Indeed, Durban is as far from Salt Lake City as any other spot on earth where the Church is organized.
From the time President Haven arrived as South Africa’s first mission president, a full century passed before a General Authority, President David O. McKay, came to South Africa in 1954. He was followed by other leaders: Elder Ezra Taft Benson in 1972, when he was a member of the Quorum of the Twelve Apostles, and President Spencer W. Kimball in 1973, when he was President of that quorum. President Kimball rededicated the land while he was in Johannesburg, which by then had become South African headquarters for the Church.
Strengthening the Church
These visits gave encouragement to members and helped speed Church growth, resulting in the first South African area conference in 1978 at Johannesburg. President Kimball, by then Church President, attended, along with several other Church leaders; it was the first time more than one General Authority had stood on South African soil at the same time. Families throughout the country prepared months ahead to share in the pilgrimage to this special meeting.

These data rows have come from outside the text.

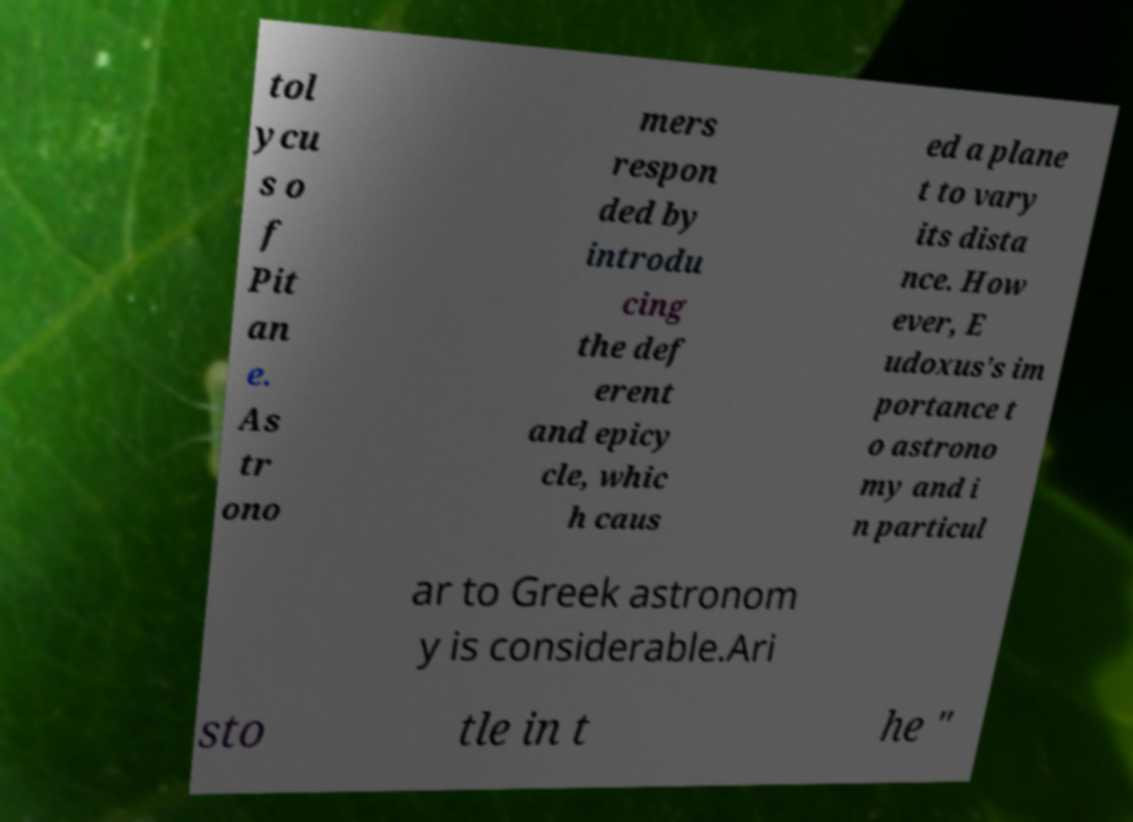What messages or text are displayed in this image? I need them in a readable, typed format. tol ycu s o f Pit an e. As tr ono mers respon ded by introdu cing the def erent and epicy cle, whic h caus ed a plane t to vary its dista nce. How ever, E udoxus's im portance t o astrono my and i n particul ar to Greek astronom y is considerable.Ari sto tle in t he " 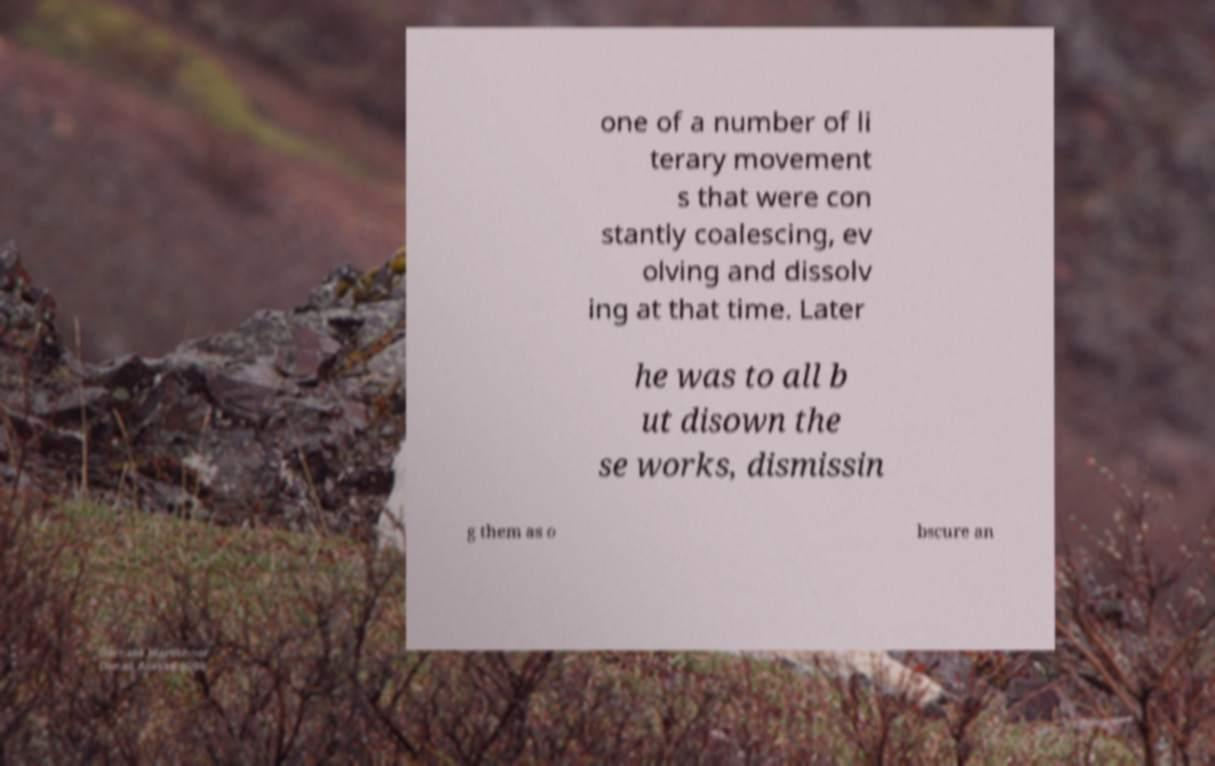Please read and relay the text visible in this image. What does it say? one of a number of li terary movement s that were con stantly coalescing, ev olving and dissolv ing at that time. Later he was to all b ut disown the se works, dismissin g them as o bscure an 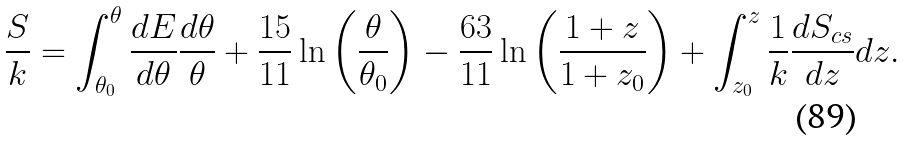Convert formula to latex. <formula><loc_0><loc_0><loc_500><loc_500>\frac { S } { k } = \int _ { \theta _ { 0 } } ^ { \theta } \frac { d E } { d \theta } \frac { d \theta } { \theta } + \frac { 1 5 } { 1 1 } \ln \left ( \frac { \theta } { \theta _ { 0 } } \right ) - \frac { 6 3 } { 1 1 } \ln \left ( \frac { 1 + z } { 1 + z _ { 0 } } \right ) + \int _ { z _ { 0 } } ^ { z } \frac { 1 } { k } \frac { d S _ { c s } } { d z } d z .</formula>

“As the Church has grown,” says Brother Hefer, “we have seen our own missionaries being called in greater numbers, and returned missionaries are now serving in stake and Relief Society presidencies, as bishops and counselors, and generally strengthening the Church.”
A special milestone for the Saints was the August 1985 dedication of the Johannesburg South Africa Temple. For many Saints, the temple has become a part of their lives—they attend regularly and are very serious about their commitment. Others are learning more about the value of the temple as they serve there.
Sister Sylvia J. Milne, a convert of twenty-nine years and now clerical supervisor in the temple, shares thoughts that represent the feelings of many who serve with her: “It is a great privilege to be a servant in the Lord’s house. A lovely spirit of helpful comradeship is evident among those concerned with the work for the dead.”
With the new temple in their midst as tangible witness of the Lord’s love for them, South African Saints may look to the future with quiet hearts, remembering Jesse Haven’s assessment of his mission in December 1855 as he left South Africa: “I feel that the Lord has blessed us. The foundation of a good work has been laid in this land and a seed has been sown.” It is a seed well-rooted now, matured, and bearing precious fruit.
A Cosmopolitan Nation
South Africa has a certain feeling of space, grandeur, and majesty about it. The Indian and Atlantic Oceans meet at its southern tip, while inland, on the Great Karoo plateau, one may see a nearly unbroken horizon in any direction. In the Kalahari Gemsbok National Park in the northwest, or in the Kruger National Park in the northeast, one finds the kind of wildlife for which Africa is famous. Historic Capetown, the nation’s mother city and legislative capital, and vibrant Johannesburg, “city of gold,” rank with the great cities of the world.
A cosmopolitan nation with its roots deep in Black history, South Africa developed its European influence as early as the fifteenth century. Portuguese navigator Bartholomew Diaz made landfall at Mossel Bay, some 400 kilometers east of present-day Capetown, in 1488. Two hundred years later, the Dutch East India Company established a refreshment station at the Cape for its trading fleet. Successive waves of colonists, chiefly from France, Germany, and Britain, helped develop the land.
Operations of the Dutch East India Company brought many Dutch to South Africa. Their descendants, along with the descendants of German and French immigrants, are the majority of today’s Afrikaners, speaking their own language—Afrikaans. They make up about 60 percent of South Africa’s white population. The other 40 percent are mainly English-speaking descendants of people who emigrated from Great Britain before and during the period of British rule that followed Dutch control together with more recent immigrants.